Issue #5 was a slow resource leak. Every time I fetched option chain prices without proper cleanup, I kept a market data subscription alive. Hit the 100-ticker limit, and all new requests silently fail. I'd been restarting the app daily to "fix" this without understanding why.
Why Skills, Not MCPs
MCPs (Model Context Protocol servers) are great for giving Claude the ability to do things — query databases, call APIs, manage infrastructure. But for domain expertise, they're overkill and wrong-shaped.
A skill is:
- Tiny — 512 tokens loaded into context, not a running server process
- Passive — activates automatically when Claude touches relevant code
- Knowledge, not capability — teaches Claude how to think about a domain, not what actions to take
- Zero infrastructure — a file in your project, not a server to maintain
An MCP for TWS would let Claude place trades. A skill for TWS makes Claude understand the API's sharp edges. One of these is useful for code review. The other is terrifying.
The 5x Performance Improvement
After fixing all 8 issues:
- Market data fetching: 12s → 2.4s (batched requests + proper async)
- Reconnection time: 30-60s → 2-8s (exponential backoff converges faster than fixed retry)
- Memory: steady-state instead of climbing (no more leaked subscriptions)
- Uptime: from daily restarts to continuous operation
The 5x headline number comes from the market data path — the hot loop that prices option chains. Batching requests and removing waitOnUpdate() blocking was the difference.
The Workflow
For anyone building domain-specific Claude Code skills:
- Ask first — check if a public skill exists for your domain
- Use the skill builder — point it at docs, known pitfalls, and best practices
- Keep it small — 512 tokens is plenty for encoding anti-patterns and conventions
- Install per-project — skills activate contextually, only when relevant code is touched
- Iterate — as you find new pitfalls, update the skill
The entire process from "I wonder if there's a skill for this" to "my production app is 5x faster" was under an hour.
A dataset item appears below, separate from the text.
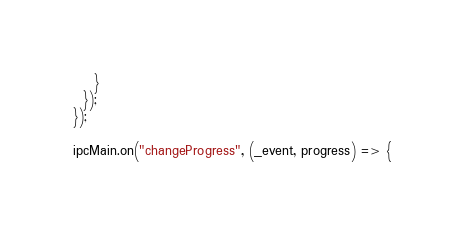Convert code to text. <code><loc_0><loc_0><loc_500><loc_500><_JavaScript_>    }
  });
});

ipcMain.on("changeProgress", (_event, progress) => {</code>

Most of that was applying the fixes, not finding them.
The Takeaway
AI coding assistants are only as good as their domain knowledge. Generic Claude is excellent at Python and async patterns. But it doesn't know that reqOpenOrders() must be called after TWS reconnection, or that waitOnUpdate() will deadlock an asyncio event loop, or that the 100-ticker limit fails silently.
512 tokens of domain expertise turned "Claude helps me write Python" into "Claude catches TWS-specific production bugs before they hit."
Skills are the highest-leverage feature in Claude Code that nobody is using yet.